WHAT TO PRODUCE – Restate all of the following data exactly, keeping any images out of the copy.

RECORDS –
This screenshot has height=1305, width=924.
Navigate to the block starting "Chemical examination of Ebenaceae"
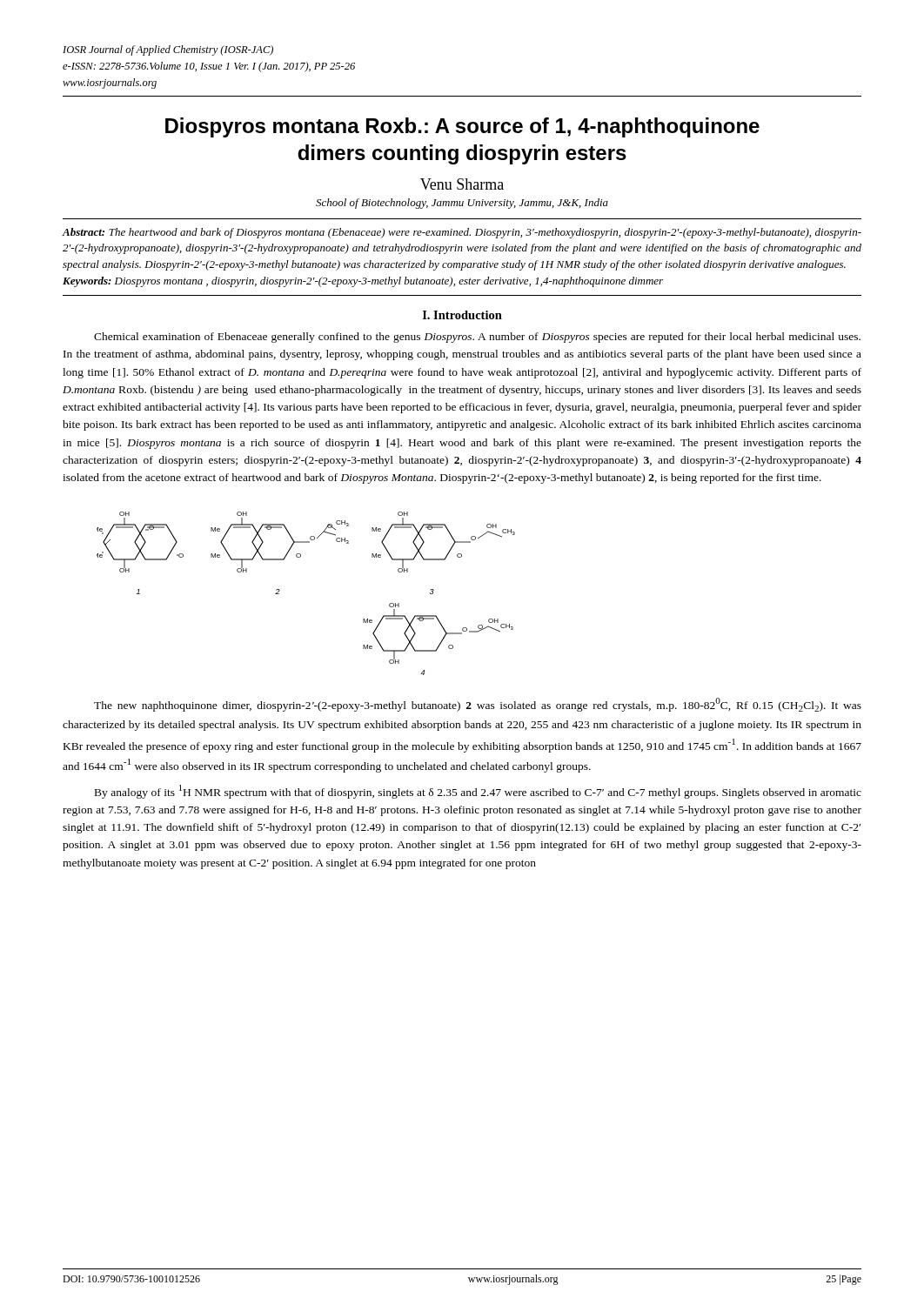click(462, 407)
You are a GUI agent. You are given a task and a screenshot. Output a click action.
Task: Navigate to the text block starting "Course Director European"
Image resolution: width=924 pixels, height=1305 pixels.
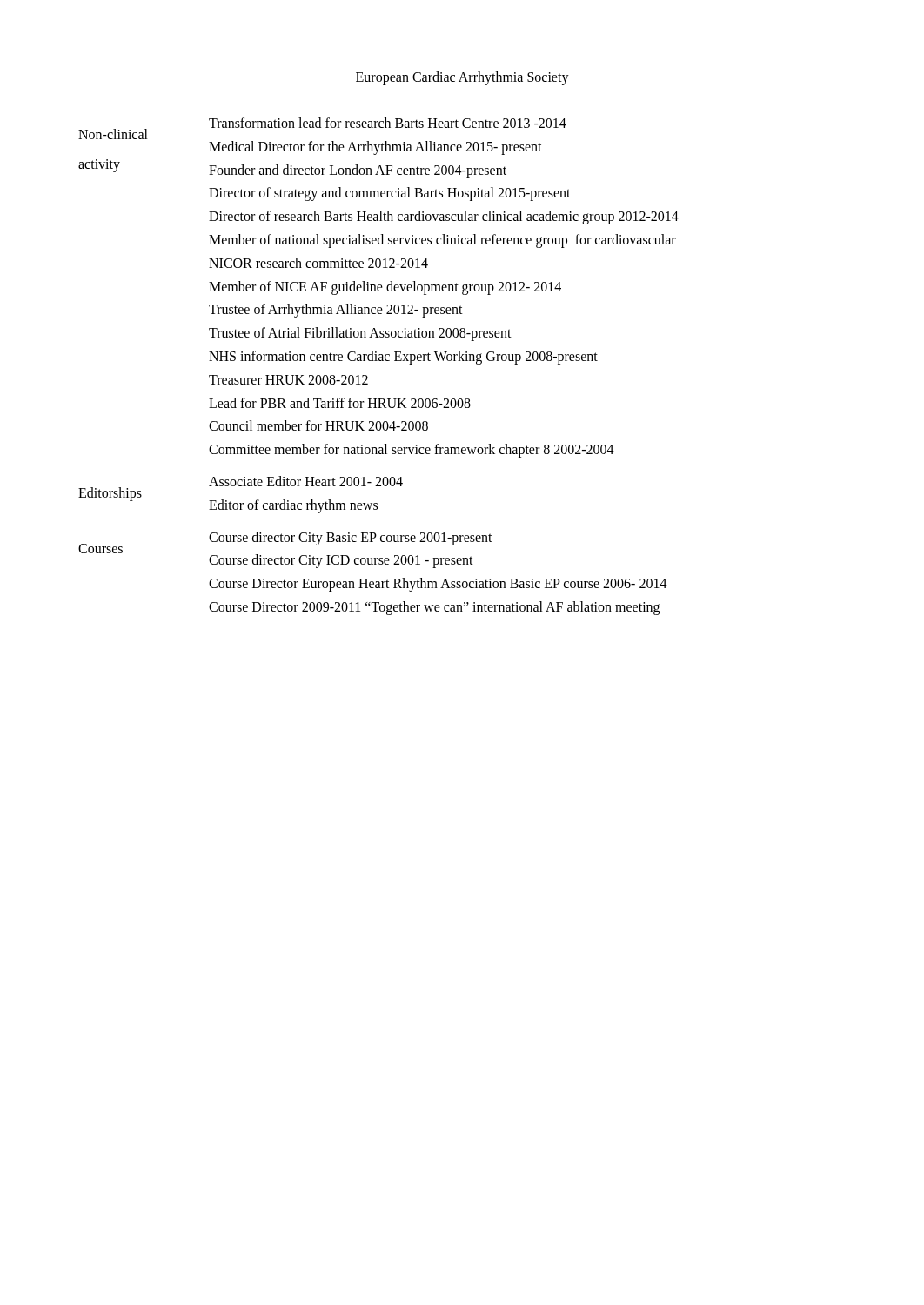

EXERCISE SOLUTION –
This screenshot has height=1305, width=924.
Navigate to the block starting "Chemical examination of Ebenaceae"
click(462, 407)
You are a GUI agent. You are given a task and a screenshot. Output a click action.
Task: Navigate to the text block starting "Course Director European"
Image resolution: width=924 pixels, height=1305 pixels.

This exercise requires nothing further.